• TASK TO COMPLETE: Return verbatim all lines from the first one in the records to the line with "2) car (161, 196, 167, 206)", both ends kept.
::: MATERIAL PROVIDED
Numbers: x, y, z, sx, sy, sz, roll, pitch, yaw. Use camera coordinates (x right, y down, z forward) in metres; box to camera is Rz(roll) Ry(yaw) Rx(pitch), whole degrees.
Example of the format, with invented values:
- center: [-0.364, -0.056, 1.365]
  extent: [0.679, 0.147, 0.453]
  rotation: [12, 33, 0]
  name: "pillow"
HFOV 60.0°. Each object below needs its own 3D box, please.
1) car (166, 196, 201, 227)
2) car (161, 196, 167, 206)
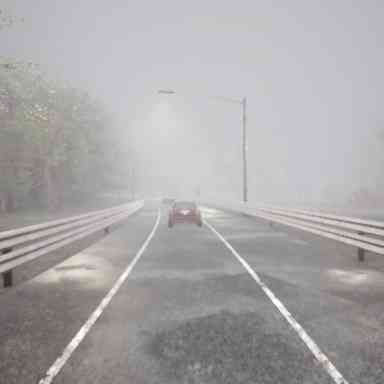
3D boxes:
- center: [-0.577, 1.359, 23.048]
  extent: [2.097, 1.767, 4.553]
  rotation: [0, 0, -4]
  name: "car"
- center: [-4.061, 1.462, 55.797]
  extent: [1.882, 1.535, 5.008]
  rotation: [0, 0, -9]
  name: "car"
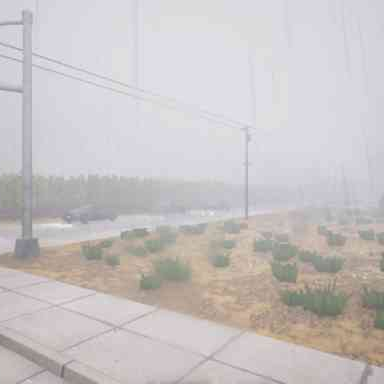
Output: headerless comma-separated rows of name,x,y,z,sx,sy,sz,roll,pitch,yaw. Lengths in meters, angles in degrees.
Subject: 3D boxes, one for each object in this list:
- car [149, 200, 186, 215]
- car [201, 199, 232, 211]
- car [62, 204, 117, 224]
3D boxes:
car,-2.345,1.560,33.621,1.812,1.442,4.674,0,0,32
car,3.266,1.581,42.413,2.033,1.411,5.357,0,0,33
car,-7.688,1.598,25.285,1.994,1.385,4.181,0,0,33
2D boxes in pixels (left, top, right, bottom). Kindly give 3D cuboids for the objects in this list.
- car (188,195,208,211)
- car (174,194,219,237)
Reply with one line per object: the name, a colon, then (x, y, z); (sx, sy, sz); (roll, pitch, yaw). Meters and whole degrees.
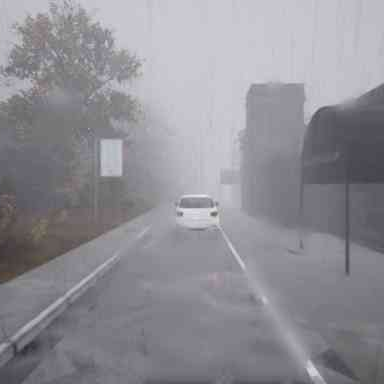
car: (0.655, 1.130, 36.415); (2.033, 1.411, 5.357); (0, 1, 2)
car: (0.249, 1.126, 17.671); (2.150, 2.045, 5.566); (0, 1, 1)
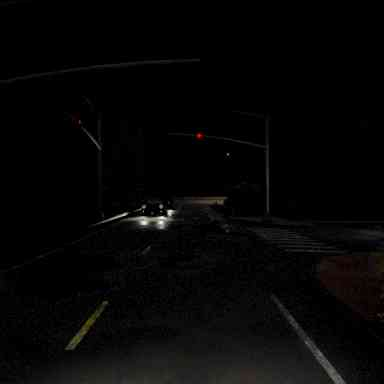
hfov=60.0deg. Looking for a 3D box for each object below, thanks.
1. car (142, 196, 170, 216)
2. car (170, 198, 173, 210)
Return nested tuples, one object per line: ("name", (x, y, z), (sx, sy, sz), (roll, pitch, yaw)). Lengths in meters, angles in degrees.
("car", (-3.626, 1.352, 32.633), (2.097, 1.767, 4.553), (0, 0, 0))
("car", (-3.604, 1.352, 43.342), (2.097, 1.767, 4.553), (0, 0, 0))
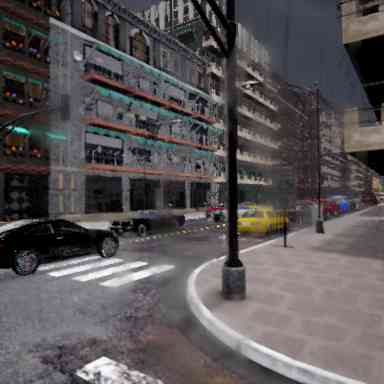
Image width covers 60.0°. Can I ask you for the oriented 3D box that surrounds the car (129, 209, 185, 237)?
[{"bbox_3d":[-2.461,1.683,18.917,1.895,1.301,4.718,-1,-1,33],"label":"car"}]

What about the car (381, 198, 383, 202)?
[{"bbox_3d":[41.202,1.650,74.466,1.752,1.417,4.829,-1,-1,33],"label":"car"}]

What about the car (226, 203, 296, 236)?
[{"bbox_3d":[3.862,1.492,17.971,1.752,1.417,4.829,-1,-1,33],"label":"car"}]

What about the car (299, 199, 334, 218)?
[{"bbox_3d":[9.888,1.530,27.088,1.887,1.381,4.507,-1,-1,33],"label":"car"}]

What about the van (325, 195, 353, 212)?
[{"bbox_3d":[16.130,1.349,36.537,1.690,1.788,3.998,-1,-1,33],"label":"van"}]

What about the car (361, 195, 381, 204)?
[{"bbox_3d":[34.862,1.406,64.879,2.192,1.841,5.009,-1,-1,33],"label":"car"}]

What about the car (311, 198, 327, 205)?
[{"bbox_3d":[24.752,1.801,64.771,2.008,1.369,4.403,-1,-1,33],"label":"car"}]

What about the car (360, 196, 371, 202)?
[{"bbox_3d":[42.444,1.693,81.234,1.837,1.490,4.892,-1,-1,33],"label":"car"}]

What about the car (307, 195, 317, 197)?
[{"bbox_3d":[21.628,1.551,60.051,2.192,1.841,5.009,-1,-1,33],"label":"car"}]

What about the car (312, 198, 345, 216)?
[{"bbox_3d":[13.010,1.541,31.811,1.887,1.381,4.507,-1,-1,33],"label":"car"}]

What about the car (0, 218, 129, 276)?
[{"bbox_3d":[-4.397,1.532,10.369,1.812,1.442,4.674,-1,-1,33],"label":"car"}]

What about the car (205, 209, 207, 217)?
[{"bbox_3d":[2.898,1.704,31.707,1.887,1.381,4.507,-1,-1,33],"label":"car"}]

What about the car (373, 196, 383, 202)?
[{"bbox_3d":[44.230,1.723,79.046,1.802,1.307,4.206,-1,-1,33],"label":"car"}]

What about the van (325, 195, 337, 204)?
::::::
• TASK RESPONSE:
Numbers: x, y, z, sx, sy, sz, roll, pitch, yaw. Use camera coordinates (x right, y down, z forward) in metres; box to camera is Rz(roll) Ry(yaw) Rx(pitch), whole degrees.
Example of the format, with invented values:
- center: [-0.364, -0.056, 1.365]
  extent: [0.679, 0.147, 0.453]
  rotation: [12, 33, 0]
  name: "pillow"
HFOV 60.0°. Each object below needs its own 3D box, please.
1) car (166, 196, 201, 227)
2) car (161, 196, 167, 206)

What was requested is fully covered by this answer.